__Dataset excerpts__
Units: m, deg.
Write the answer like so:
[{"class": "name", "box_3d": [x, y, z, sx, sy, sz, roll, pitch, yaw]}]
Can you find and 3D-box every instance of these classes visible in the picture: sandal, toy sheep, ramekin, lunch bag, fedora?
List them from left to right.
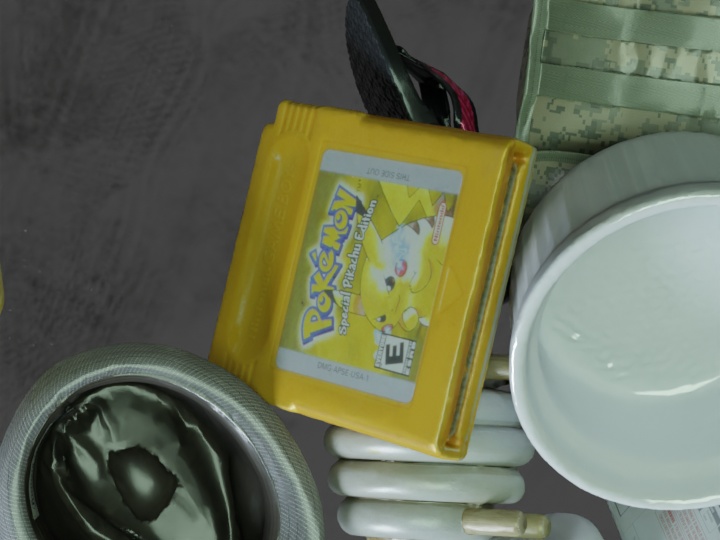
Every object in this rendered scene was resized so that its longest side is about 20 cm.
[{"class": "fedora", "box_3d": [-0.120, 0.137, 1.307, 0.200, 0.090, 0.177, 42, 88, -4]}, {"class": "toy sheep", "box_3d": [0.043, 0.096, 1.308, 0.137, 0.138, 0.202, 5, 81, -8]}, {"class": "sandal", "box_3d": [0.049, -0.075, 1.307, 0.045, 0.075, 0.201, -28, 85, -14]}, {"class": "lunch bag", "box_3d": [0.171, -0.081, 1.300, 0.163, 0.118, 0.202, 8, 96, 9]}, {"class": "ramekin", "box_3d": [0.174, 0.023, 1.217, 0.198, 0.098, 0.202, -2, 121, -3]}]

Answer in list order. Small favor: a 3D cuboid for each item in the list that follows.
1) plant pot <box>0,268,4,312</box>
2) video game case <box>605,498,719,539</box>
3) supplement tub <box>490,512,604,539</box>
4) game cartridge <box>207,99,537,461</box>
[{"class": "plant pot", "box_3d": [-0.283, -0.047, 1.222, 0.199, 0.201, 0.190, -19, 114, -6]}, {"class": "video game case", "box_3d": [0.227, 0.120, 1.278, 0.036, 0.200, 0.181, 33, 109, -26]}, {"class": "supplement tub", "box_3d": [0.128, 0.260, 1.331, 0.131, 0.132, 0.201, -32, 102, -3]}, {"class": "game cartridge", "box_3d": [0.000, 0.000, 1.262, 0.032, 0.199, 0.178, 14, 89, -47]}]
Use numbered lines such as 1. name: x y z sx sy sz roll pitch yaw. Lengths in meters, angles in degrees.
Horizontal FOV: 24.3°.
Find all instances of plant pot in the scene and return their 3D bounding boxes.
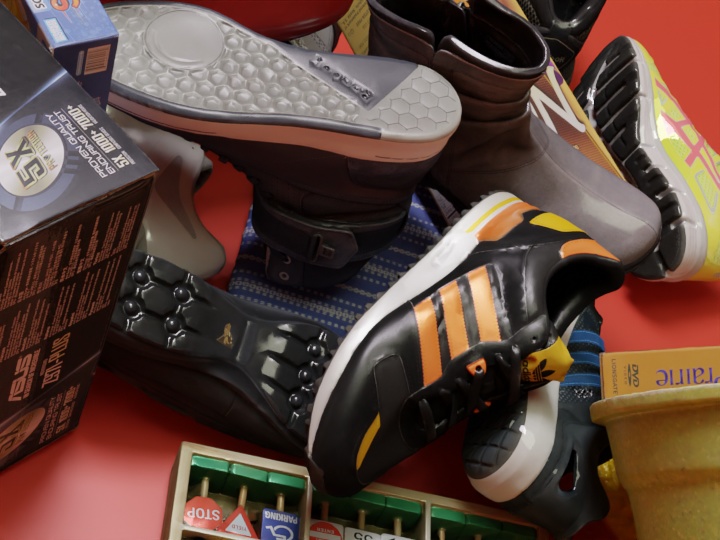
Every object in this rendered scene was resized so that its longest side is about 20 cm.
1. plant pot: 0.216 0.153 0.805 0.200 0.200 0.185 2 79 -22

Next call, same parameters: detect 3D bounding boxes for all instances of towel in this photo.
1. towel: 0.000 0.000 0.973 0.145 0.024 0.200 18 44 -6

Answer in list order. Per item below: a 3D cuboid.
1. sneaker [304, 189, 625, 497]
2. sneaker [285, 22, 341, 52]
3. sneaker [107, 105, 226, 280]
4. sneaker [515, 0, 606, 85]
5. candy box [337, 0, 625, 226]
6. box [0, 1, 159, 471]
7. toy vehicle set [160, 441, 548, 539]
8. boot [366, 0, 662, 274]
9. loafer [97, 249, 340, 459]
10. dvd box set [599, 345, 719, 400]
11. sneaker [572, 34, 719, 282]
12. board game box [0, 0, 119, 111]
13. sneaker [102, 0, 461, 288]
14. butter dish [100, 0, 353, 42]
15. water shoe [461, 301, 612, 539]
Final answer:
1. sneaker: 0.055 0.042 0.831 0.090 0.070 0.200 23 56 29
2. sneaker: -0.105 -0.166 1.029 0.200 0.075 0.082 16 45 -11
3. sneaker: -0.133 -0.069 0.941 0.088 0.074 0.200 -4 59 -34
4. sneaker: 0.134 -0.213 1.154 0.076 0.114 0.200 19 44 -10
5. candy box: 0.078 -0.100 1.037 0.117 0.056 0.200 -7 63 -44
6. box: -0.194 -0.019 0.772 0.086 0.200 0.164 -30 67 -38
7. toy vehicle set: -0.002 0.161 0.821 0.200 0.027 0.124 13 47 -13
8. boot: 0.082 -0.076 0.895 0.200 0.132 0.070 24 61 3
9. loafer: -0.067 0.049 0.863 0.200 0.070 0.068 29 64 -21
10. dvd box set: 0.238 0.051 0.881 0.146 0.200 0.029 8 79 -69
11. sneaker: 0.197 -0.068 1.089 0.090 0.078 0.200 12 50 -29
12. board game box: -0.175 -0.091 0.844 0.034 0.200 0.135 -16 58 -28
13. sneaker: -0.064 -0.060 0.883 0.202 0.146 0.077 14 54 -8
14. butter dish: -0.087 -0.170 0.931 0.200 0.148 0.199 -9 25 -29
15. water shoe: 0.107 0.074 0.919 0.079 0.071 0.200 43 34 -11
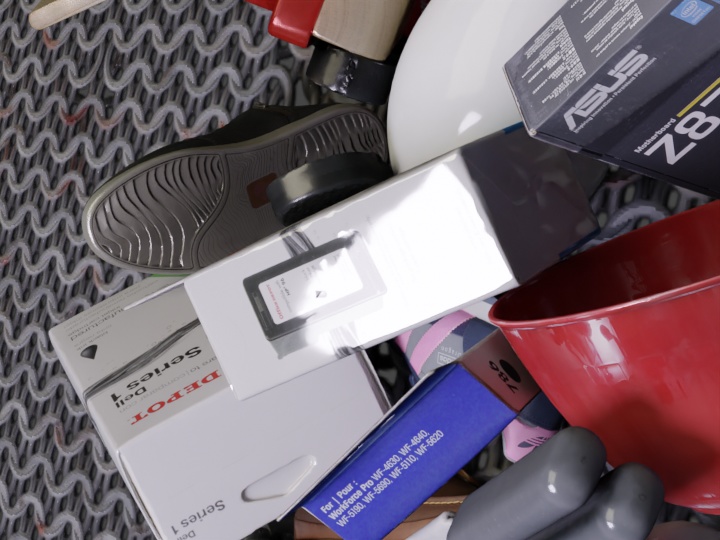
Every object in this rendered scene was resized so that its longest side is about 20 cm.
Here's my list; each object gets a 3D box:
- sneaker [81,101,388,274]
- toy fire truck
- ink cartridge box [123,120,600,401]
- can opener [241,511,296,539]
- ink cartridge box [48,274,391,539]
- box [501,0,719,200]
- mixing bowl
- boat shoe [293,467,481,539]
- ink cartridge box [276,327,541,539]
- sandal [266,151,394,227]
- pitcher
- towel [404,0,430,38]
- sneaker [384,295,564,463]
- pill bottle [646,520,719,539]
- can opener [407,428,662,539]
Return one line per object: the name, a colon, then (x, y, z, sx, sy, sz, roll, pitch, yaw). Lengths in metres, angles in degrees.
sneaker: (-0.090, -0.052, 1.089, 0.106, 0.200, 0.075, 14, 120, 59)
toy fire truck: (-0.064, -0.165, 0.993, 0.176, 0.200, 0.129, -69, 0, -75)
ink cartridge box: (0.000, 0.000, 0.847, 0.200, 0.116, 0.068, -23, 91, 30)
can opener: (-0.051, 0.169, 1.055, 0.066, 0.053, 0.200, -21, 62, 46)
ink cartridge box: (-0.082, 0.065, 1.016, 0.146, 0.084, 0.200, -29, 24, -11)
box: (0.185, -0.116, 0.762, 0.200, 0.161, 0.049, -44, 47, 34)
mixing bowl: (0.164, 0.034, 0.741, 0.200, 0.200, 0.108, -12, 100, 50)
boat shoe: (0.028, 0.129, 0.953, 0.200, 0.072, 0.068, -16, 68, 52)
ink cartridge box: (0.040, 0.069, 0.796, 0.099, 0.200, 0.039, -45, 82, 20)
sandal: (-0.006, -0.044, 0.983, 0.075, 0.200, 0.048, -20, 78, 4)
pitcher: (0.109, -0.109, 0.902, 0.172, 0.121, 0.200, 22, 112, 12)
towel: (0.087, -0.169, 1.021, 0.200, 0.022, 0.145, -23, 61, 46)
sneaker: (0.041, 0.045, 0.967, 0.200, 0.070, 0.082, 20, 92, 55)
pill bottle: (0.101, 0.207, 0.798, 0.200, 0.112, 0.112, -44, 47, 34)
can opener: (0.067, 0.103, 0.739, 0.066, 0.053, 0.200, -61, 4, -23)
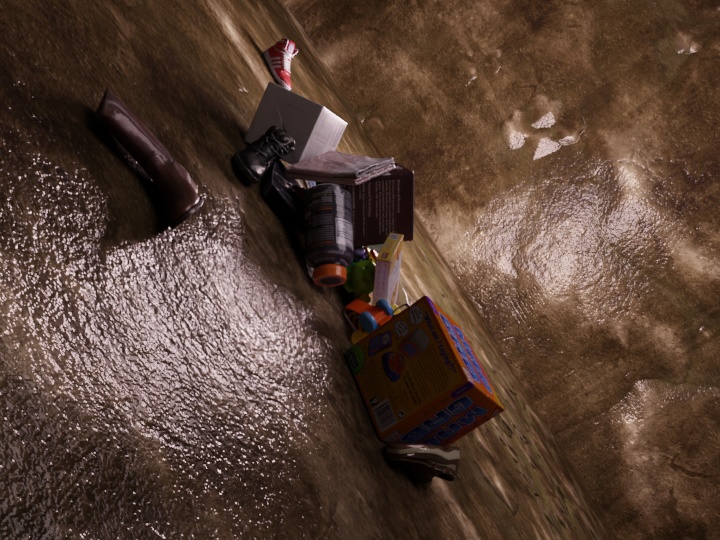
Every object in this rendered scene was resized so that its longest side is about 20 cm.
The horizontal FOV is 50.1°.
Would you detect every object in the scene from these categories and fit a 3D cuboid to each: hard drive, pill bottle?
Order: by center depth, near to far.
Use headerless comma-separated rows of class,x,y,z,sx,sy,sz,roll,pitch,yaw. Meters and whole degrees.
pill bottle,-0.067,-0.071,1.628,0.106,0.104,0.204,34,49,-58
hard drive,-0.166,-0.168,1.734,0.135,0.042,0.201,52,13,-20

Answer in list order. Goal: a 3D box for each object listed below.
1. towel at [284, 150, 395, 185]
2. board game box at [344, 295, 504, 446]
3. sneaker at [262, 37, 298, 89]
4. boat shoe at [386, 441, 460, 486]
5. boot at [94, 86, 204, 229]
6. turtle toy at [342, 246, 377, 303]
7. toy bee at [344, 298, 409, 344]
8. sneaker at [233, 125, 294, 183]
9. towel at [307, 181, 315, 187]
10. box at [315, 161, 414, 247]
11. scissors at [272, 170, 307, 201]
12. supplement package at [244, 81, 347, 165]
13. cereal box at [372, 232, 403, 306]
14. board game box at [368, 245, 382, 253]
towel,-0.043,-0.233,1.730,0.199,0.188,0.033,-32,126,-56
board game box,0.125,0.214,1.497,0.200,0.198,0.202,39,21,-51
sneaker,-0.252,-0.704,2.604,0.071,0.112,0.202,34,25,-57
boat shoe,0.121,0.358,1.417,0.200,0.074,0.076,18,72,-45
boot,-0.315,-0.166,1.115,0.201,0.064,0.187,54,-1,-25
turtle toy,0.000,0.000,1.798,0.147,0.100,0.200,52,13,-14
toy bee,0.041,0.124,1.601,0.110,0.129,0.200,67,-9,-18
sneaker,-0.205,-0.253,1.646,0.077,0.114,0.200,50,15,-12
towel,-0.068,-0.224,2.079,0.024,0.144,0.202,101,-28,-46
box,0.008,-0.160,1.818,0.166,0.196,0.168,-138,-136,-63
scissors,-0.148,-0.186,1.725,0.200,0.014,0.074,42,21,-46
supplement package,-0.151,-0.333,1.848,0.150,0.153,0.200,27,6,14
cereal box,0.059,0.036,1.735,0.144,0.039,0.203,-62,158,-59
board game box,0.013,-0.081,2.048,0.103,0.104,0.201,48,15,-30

__Task instructions__
Print, please, the lines above from the very first through the one that holds "Can you find", both included, word for word and with nothing else.

__Answer to the problem__
Units: m, deg.
Write the answer like so:
[{"class": "name", "box_3d": [x, y, z, sx, sy, sz, roll, pitch, yaw]}]
Can you find and 3D-box every instance of these classes visible in the picture: sandal, toy sheep, ramekin, lunch bag, fedora?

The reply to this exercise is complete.